Google has been exploring a concept called “diffusion models,” which was first proposed in 2015 but which has, up until recently, taken a backseat to a family of deep learning methods called “deep generative models.” The company has found that its results with this new approach beat out existing technologies when humans are asked to judge.

The first approach is called SR3, or Super-Resolution via Repeated Refinement. Here’s the technical explanation:

“SR3 is a super-resolution diffusion model that takes as input a low-resolution image, and builds a corresponding high resolution image from pure noise,” Google writes. “The model is trained on an image corruption process in which noise is progressively added to a high-resolution image until only pure noise remains.

“It then learns to reverse this process, beginning from pure noise and progressively removing noise to reach a target distribution through the guidance of the input low-resolution image.”

Before (left) and after (right) upscaling with SR3.

SR3 has been found to work well on upscaling portraits and natural images.

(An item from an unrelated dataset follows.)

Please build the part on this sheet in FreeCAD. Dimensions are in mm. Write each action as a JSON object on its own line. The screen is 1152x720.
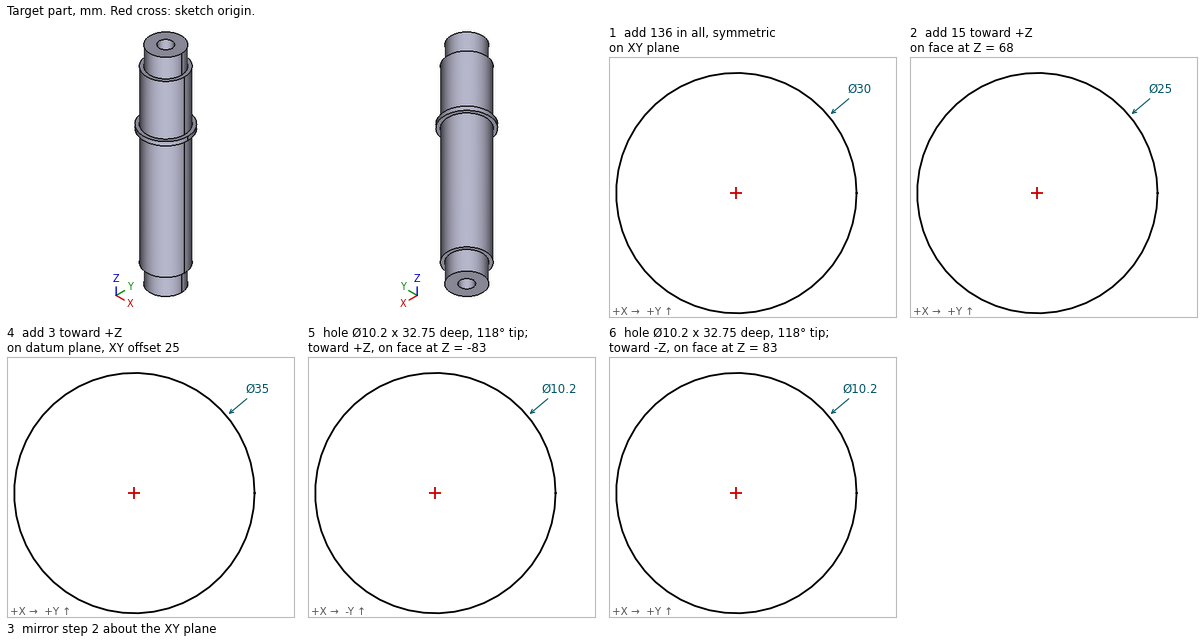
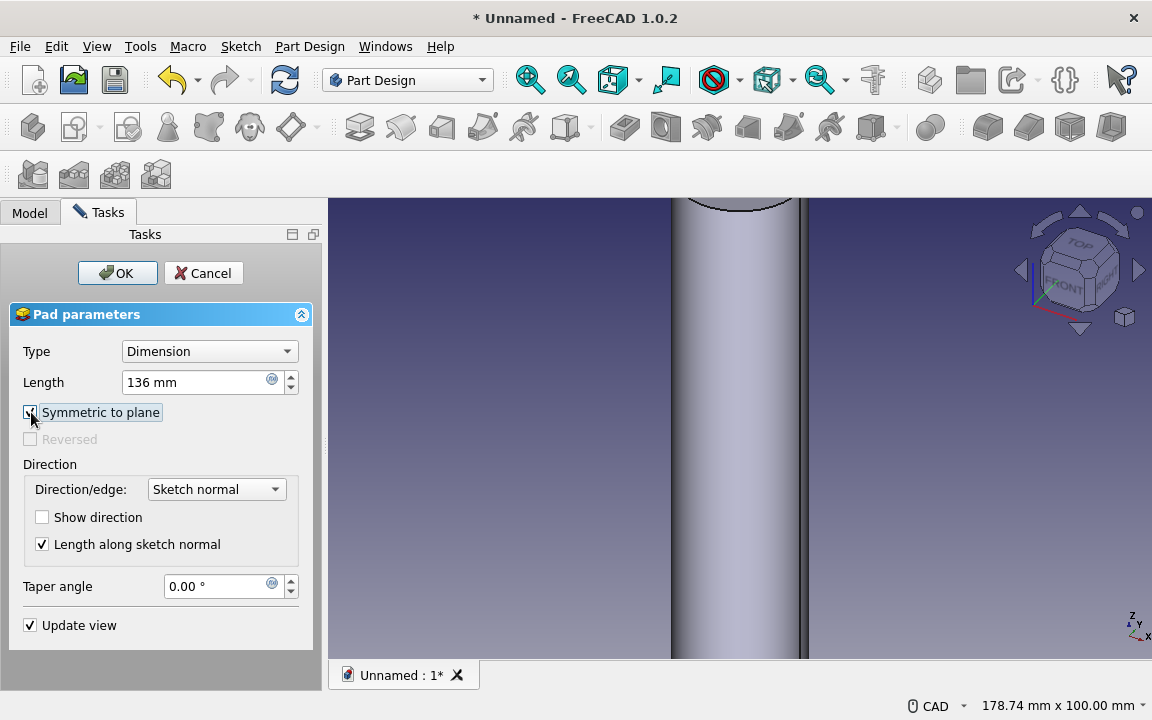
{"action": "left_click", "coordinate": [118, 273]}

When used to do 8x upscaling on faces, it has a “confusion rate” of nearly 50% while existing methods only go up to 34%, suggesting that the results are indeed photo-realistic.

Here are other portraits upscaled from low-resolution originals:

A selection of portraits upscaled from low-res originals by AI.

Once Google saw how effective SR3 was in upscaling photos, the company went a step further with a second approach called CDM, a class-conditional diffusion model.

“CDM is a class-conditional diffusion model trained on ImageNet data to generate high-resolution natural images,” Google writes. “Since ImageNet is a difficult, high-entropy dataset, we built CDM as a cascade of multiple diffusion models. This cascade approach involves chaining together multiple generative models over several spatial resolutions: one diffusion model that generates data at a low resolution, followed by a sequence of SR3 super-resolution diffusion models that gradually increase the resolution of the generated image to the highest resolution.”

Google has published a set of examples showing low-resolution photos upscaled in a cascade. A 32×32 photo can be enhanced to 64×64 and then 256×256. A 64×64 photo can be upscaled to 256×256 and then 1024×1024.

As you can see, the results are impressive and the final photos, despite having some errors (such as gaps in the frames of glasses), would likely pass as actual original photographs for most viewers at first glance.

“With SR3 and CDM, we have pushed the performance of diffusion models to state-of-the-art on super-resolution and class-conditional ImageNet generation benchmarks,” Google researchers write. “We are excited to further test the limits of diffusion models for a wide variety of generative modeling problems.”